Büyük projelere imza atan ve bitiren Türkiye'yi baştan başa yenileyen, başarılar sergileyen hükümetimizin 2-B problemi karşısında aciz kalması anlaşılır değildir. Ama aciz kalınmıştır. Bizler 60 seneden beri tapuları bulunan ve vergilerimizi ödeyen vatandaşlarız. Tapulu 2-B kapsamındaki yerlerimiz ve arsalarımız için 2-B yasasından yararlanarak iade başvuru formu doldurup Milli Emlak Müdürlüğüne kayıt yaptırdık. Üzerinden iki sene geçmesine rağmen henüz bir çözüm olmadı. Araştırdığımız Milli Emlak Müdürlüğünden ve Belediyenin Tapu Kadastro Müdürlüğü Tapu Dairesinden olumlu, müspet bir cevap alamıyoruz. Tapularımız ne zaman yenilenecek? Ne zaman çözüme kavuşacak? Bu sorulara kimseden cevap alamıyoruz. Arsalarımıza imar verilmiyor. Yapılaşmaya izin yok. İstimlak yok. Cevap yok.

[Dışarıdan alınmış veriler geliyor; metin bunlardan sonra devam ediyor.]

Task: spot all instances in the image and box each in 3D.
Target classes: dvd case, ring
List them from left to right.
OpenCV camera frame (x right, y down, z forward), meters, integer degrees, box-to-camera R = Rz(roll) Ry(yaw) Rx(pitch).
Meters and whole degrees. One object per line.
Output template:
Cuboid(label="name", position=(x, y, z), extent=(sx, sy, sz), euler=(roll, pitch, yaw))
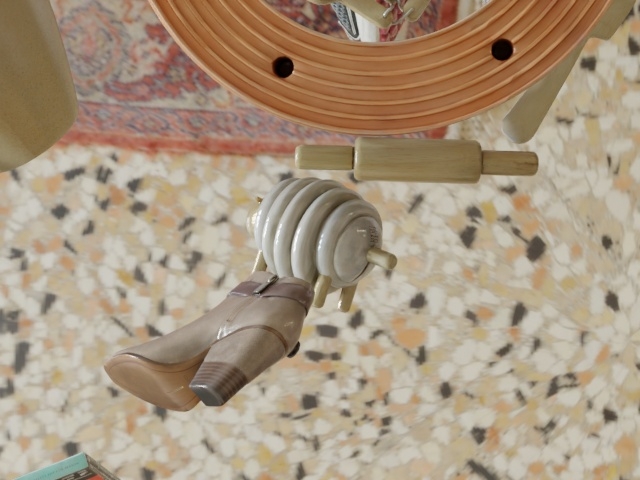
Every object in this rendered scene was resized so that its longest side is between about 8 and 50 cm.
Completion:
Cuboid(label="dvd case", position=(-0.179, 0.174, 0.819), extent=(0.087, 0.119, 0.013), euler=(-21, 66, -1))
Cuboid(label="ring", position=(0.037, -0.234, 0.774), extent=(0.337, 0.032, 0.336), euler=(0, 94, 7))

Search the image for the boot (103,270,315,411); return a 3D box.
Cuboid(label="boot", position=(-0.059, 0.053, 0.688), extent=(0.118, 0.042, 0.087), euler=(5, 46, 43))

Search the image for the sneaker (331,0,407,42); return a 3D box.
Cuboid(label="sneaker", position=(0.005, -0.272, 0.968), extent=(0.112, 0.299, 0.121), euler=(6, 54, 27))

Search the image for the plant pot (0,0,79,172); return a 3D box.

Ayrıca Cemil Meriç Mahallesi 400 dönüm üzerine kurulmuş bir mahalle ve bu mahalle için 2-B konusunda hiçbir uygulama yok.
Hükümetimizin dünya çapındaki kudretine göre bu sorunu çözmek çok basit bir şey olmasına rağmen biz vatandaşların mağduriyetini görmemek, kulak tıkamak; biraz daha samimi konuşursak verilen sözlere uymamak bizleri gerçekten çok üzüyor. Bu derdimiz 3. ve 4. hükümet döneminde de çözülmedi. Bizler bütün umudumuzu bu arsalara bağlamış durumdayız. Bu kangren olan meselemizi acilen çözmenizi rica ediyoruz. Vatandaş olarak hakkımızı istiyoruz. Çözüm birimi neresidir bilmek ve yetkililerle görüşmek istiyoruz.

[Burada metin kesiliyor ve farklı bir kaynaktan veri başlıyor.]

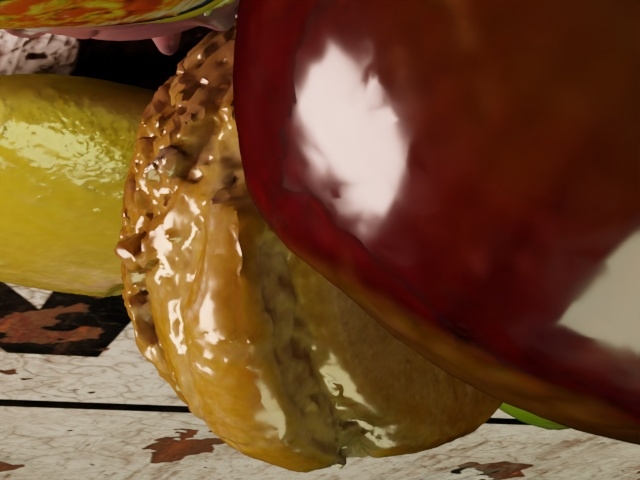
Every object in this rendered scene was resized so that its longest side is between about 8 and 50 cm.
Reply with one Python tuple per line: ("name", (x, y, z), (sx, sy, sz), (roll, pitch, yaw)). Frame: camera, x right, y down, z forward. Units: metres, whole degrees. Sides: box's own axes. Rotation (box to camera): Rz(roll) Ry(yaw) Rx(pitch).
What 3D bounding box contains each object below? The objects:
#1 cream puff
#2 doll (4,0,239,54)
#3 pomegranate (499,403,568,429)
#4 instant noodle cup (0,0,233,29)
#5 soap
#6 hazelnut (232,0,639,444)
("cream puff", (0.000, 0.000, 1.055), (0.231, 0.343, 0.327), (6, 136, 41))
("doll", (-0.089, -0.174, 0.883), (0.262, 0.093, 0.211), (-20, 157, 28))
("pomegranate", (0.184, 0.025, 1.366), (0.302, 0.236, 0.236), (40, 143, -19))
("instant noodle cup", (-0.144, -0.203, 0.513), (0.254, 0.325, 0.325), (1, 162, -38))
("soap", (-0.162, -0.031, 1.247), (0.427, 0.115, 0.306), (12, 159, -37))
("hazelnut", (0.176, -0.083, 0.766), (0.429, 0.402, 0.402), (18, 152, -37))

(İki bin 2-B mağduru adına yüz imza toplayan okuyucumuz) Osman Öztürk-İstanbul
Vergi alırken bina, elektrik isteyince kaçak!
2004'ten sonra yapılan gecekondu veya kaçak yapılara elektrik, su, doğalgaz aboneliği verilmiyor. Ama aynı şekilde yapılan elektrik ve su aboneliği verilmeyen bu "kaçak" binalardan emlak vergisi, kira geliri vergisi alınıyor.

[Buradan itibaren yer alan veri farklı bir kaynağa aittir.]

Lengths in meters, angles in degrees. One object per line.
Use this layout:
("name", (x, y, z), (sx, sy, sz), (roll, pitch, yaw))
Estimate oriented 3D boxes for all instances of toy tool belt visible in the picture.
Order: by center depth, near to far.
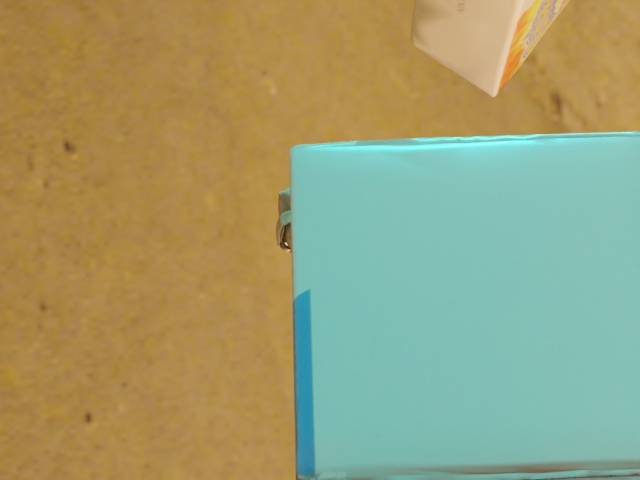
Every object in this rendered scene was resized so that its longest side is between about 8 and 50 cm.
("toy tool belt", (0.000, 0.000, 1.141), (0.051, 0.052, 0.083), (57, -10, 32))

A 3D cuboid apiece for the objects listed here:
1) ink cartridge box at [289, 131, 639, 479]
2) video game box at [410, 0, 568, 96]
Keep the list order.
("ink cartridge box", (0.084, 0.094, 1.007), (0.270, 0.197, 0.198), (87, 1, -60))
("video game box", (0.103, -0.160, 0.594), (0.187, 0.048, 0.205), (-51, 171, -10))

Eğer söz konusu abonelik verilmiyorsa, devlet bu binaları bina olarak tanımıyorsa o zaman emlak vergisi ve kira geliri vergisi de almasın. Sayın Maliye Bakanımız Mehmet Şimşek Bey'den bu yanlışlığı düzeltmesini bekliyoruz. Yani 2004'ten sonra yapılan bu binalardan vergi alındığı gibi elektrik ve su aboneliğimizin de verilmesini bekliyoruz.
M.H.K.-İzmir
Hastaları 480 metre yürütmeyin
İzmir Karşıyaka Hastanesi'ne ulaşım zorluğu yaşayan vatandaşlar olarak derdimizin ortadan kaldırılmasını, 480 metrelik yolu, yürümek zorunda kalmadan hastaneye ulaşmayı arzuluyoruz. Daha önce Serinkuyu merkezî yerde bir otobüs durağımız vardı. Hatta otobüs cebi bile mevcut. Eski Ziraat Bankası önü idi. Cep hâlâ orada duruyor. Durağı buradan alıp 50 metre öteye, yeni yapılan üst geçidin altına taşıdılar. Vatandaş 50 metreyi sineye çekti fakat ne yazık ki bir sene olmadan durak 230 metre daha yürüdü; karşıya geçişi olmayan hastanenin karşısına geldi.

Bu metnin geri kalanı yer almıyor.